A schematic depicting the connections that relate to the questions below

  1. What homeostatic parameter (blood pH, osmolality, internal temperature, calcium levels, etc) is the environmental change threatening? This can often be measured directly in the lab or intuited from studies on model organisms.

  2. How do sub-PRNs respond to the environmental change? Investigating this question will depend on the scope of the study and a priori knowledge of the sub-PRNs. Potential methods include multi/single tissue transcriptomics, proteomics, or hormone assays.

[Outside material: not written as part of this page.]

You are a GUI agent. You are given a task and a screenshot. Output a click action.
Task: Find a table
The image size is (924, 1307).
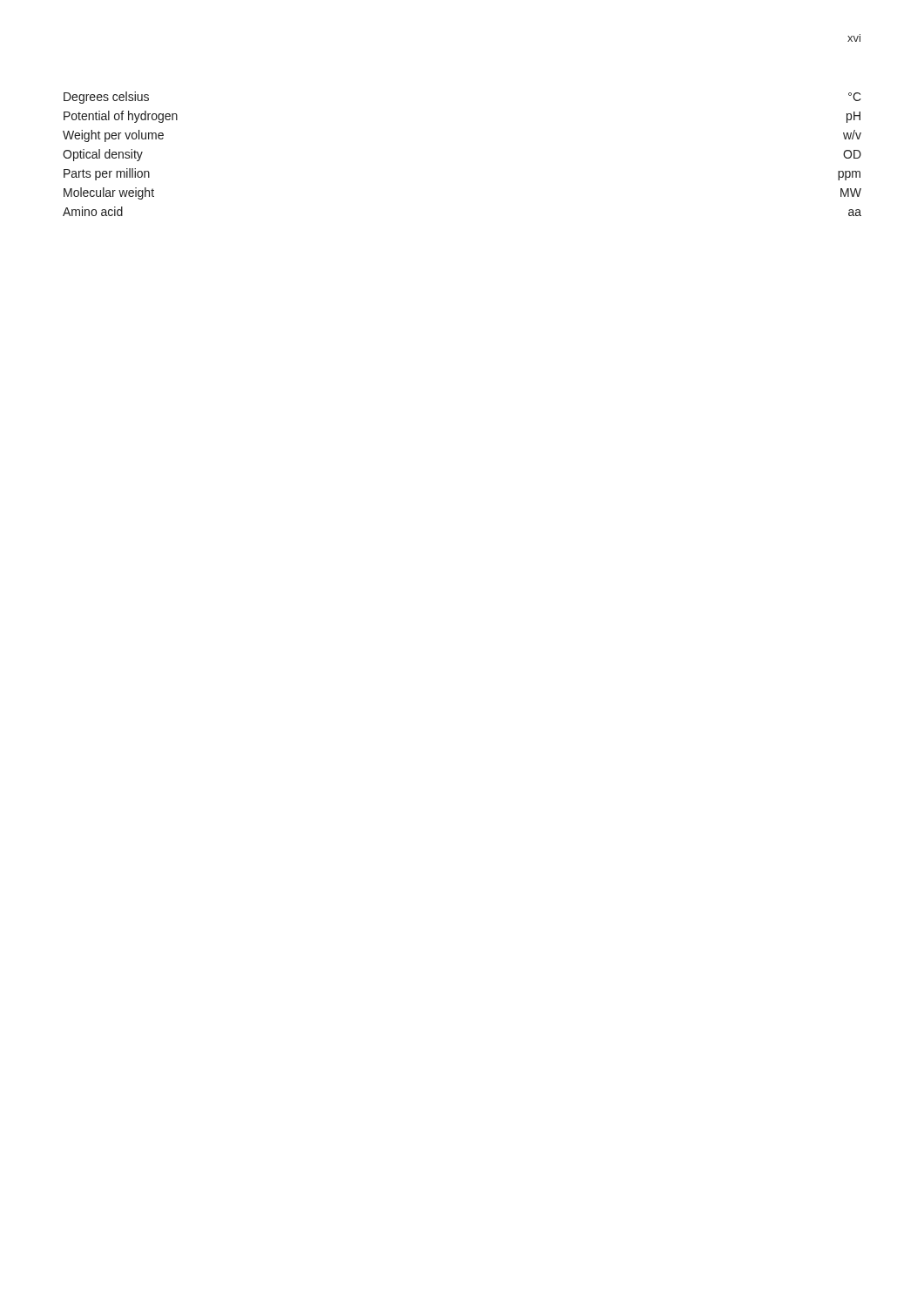[462, 154]

  3. How does the change in sub-PRNs lead to homeostatic costs? Potential methods include changes in metabolic rate/aerobic scope, assays of chemical markers of stress, and assays of traits related to potential tradeoffs with the homeostatic response.

  4. How does the response of the homeostatic system lead to a change in whole-organism performance? Potential performance metrics include growth rate, body condition change, survival, reproduction rate, locomotor performance, etc.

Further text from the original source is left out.